Prompt: Everything in the data except the pictures belongs in your answer, copied exactly.

Dataset content:
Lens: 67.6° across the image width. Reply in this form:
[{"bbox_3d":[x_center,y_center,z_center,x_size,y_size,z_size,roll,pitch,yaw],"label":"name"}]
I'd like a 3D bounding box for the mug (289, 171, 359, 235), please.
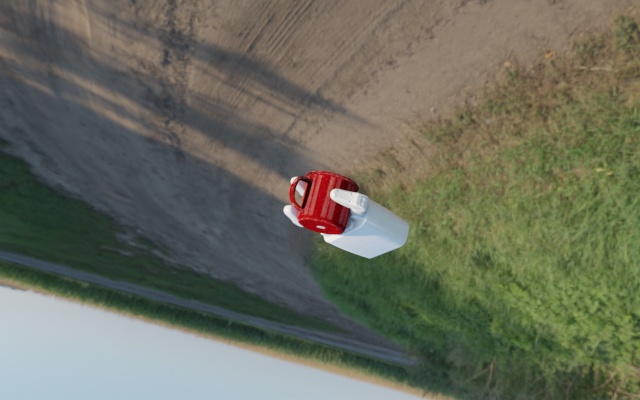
[{"bbox_3d":[-0.001,0.002,0.784,0.117,0.081,0.093,25,-21,-30],"label":"mug"}]

Task answer:
Lens: 67.6° across the image width. Reply in this form:
[{"bbox_3d":[x_center,y_center,z_center,x_size,y_size,z_size,roll,pitch,yaw],"label":"name"}]
I'd like a 3D bounding box for the mug (289, 171, 359, 235), please.
[{"bbox_3d":[-0.001,0.002,0.784,0.117,0.081,0.093,25,-21,-30],"label":"mug"}]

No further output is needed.